REQUIRED WORK: Take the listing below and print exactly the lines starting at the line containing "462, 204, 479]" and ending at the line containing "144, 352, 338]", both ends included, and no others.

DATASET RECORDS:
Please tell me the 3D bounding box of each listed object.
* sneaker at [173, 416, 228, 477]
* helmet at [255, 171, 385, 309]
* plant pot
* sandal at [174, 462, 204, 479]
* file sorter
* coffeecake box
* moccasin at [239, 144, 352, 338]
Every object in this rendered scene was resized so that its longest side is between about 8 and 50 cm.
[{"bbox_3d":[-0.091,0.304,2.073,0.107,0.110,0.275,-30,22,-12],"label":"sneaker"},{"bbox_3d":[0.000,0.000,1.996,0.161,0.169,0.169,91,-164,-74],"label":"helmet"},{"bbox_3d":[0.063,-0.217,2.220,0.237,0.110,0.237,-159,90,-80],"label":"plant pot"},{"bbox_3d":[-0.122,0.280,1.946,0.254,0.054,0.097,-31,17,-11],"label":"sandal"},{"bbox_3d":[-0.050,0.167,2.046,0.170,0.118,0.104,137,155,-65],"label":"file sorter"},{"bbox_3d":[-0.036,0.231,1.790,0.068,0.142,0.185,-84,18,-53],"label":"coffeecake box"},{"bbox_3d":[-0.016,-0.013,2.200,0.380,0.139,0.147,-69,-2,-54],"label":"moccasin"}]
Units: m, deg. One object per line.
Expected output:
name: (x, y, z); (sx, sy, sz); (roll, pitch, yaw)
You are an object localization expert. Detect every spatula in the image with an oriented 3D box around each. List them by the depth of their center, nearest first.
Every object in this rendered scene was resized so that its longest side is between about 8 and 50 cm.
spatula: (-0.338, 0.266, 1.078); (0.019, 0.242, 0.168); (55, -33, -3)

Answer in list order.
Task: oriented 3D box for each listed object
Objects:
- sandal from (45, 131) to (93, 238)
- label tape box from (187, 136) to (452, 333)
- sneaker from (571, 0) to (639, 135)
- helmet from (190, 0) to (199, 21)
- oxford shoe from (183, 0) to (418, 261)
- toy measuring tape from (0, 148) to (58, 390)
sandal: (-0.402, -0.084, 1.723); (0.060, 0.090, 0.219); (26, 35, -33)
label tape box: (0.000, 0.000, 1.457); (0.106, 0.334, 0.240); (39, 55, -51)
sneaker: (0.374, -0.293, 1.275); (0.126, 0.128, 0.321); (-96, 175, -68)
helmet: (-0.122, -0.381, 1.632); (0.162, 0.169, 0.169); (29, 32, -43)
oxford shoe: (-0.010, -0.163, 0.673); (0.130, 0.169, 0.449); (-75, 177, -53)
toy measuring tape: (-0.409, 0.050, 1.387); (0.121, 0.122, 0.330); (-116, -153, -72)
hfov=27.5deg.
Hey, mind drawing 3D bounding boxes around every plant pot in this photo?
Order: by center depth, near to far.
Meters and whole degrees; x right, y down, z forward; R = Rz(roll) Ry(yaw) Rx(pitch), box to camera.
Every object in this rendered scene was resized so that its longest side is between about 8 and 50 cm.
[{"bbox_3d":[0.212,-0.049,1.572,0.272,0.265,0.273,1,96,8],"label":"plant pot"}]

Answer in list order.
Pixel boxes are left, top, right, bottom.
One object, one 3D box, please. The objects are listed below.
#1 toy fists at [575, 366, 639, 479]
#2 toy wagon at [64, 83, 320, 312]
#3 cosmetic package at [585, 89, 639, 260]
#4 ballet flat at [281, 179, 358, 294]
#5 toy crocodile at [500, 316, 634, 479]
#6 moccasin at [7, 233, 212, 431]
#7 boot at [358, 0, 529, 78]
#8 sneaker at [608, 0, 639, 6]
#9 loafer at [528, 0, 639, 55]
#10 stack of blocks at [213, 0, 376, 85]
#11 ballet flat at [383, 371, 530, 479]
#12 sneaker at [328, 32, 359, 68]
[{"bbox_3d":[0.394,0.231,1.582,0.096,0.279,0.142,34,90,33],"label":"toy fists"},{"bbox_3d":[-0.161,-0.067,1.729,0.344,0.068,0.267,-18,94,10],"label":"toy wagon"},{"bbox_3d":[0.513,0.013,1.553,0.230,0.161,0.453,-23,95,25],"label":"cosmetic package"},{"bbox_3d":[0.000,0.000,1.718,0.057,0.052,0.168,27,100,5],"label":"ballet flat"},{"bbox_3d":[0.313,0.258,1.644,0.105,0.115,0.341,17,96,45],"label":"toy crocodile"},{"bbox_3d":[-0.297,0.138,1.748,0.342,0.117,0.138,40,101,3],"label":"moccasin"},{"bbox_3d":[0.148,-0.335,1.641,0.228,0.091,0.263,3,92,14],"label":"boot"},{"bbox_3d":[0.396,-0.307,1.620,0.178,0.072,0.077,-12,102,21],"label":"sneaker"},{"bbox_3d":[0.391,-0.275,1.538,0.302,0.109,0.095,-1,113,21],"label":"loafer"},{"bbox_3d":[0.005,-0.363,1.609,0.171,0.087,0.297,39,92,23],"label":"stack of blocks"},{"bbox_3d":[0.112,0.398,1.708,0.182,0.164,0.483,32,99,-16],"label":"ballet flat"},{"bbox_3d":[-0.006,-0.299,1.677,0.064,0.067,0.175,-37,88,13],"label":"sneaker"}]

* * *

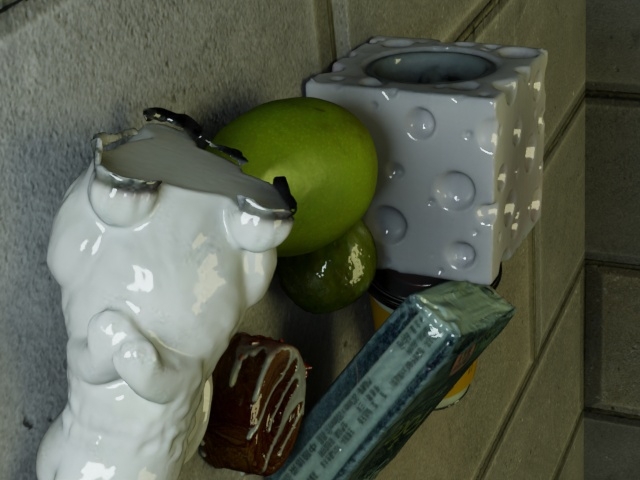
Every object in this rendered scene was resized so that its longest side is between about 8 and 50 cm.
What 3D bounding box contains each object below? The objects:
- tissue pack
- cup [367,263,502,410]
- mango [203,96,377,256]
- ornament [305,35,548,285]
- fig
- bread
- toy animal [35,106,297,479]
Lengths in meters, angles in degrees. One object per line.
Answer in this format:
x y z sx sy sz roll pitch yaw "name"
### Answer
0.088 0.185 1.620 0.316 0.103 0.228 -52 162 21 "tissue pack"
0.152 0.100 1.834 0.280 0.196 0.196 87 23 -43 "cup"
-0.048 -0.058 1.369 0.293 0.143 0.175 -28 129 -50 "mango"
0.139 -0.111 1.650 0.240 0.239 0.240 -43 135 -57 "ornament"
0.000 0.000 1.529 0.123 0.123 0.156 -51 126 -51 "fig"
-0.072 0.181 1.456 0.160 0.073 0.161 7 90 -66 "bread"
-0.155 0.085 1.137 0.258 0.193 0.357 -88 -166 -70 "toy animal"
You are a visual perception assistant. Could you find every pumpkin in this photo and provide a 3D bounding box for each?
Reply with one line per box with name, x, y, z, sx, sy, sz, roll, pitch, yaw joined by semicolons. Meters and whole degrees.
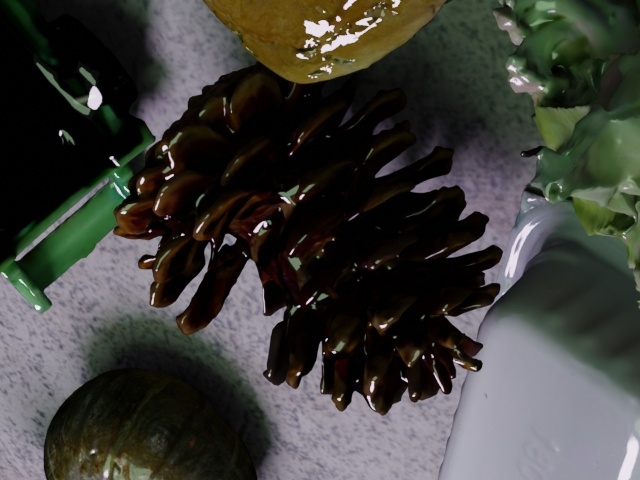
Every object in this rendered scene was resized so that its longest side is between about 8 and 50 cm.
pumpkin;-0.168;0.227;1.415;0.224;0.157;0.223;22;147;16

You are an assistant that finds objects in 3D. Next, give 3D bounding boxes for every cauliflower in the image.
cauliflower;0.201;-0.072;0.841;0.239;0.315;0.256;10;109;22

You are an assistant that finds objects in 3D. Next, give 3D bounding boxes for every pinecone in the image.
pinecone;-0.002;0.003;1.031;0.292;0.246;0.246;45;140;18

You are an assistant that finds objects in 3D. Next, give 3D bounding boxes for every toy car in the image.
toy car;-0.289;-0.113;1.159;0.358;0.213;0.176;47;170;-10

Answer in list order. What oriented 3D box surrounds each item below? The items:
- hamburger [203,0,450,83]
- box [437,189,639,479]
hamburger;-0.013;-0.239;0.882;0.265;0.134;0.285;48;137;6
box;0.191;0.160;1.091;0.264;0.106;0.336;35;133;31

WRITTEN SOLUTION:
* sandal at [174, 462, 204, 479]
* file sorter
* coffeecake box
* moccasin at [239, 144, 352, 338]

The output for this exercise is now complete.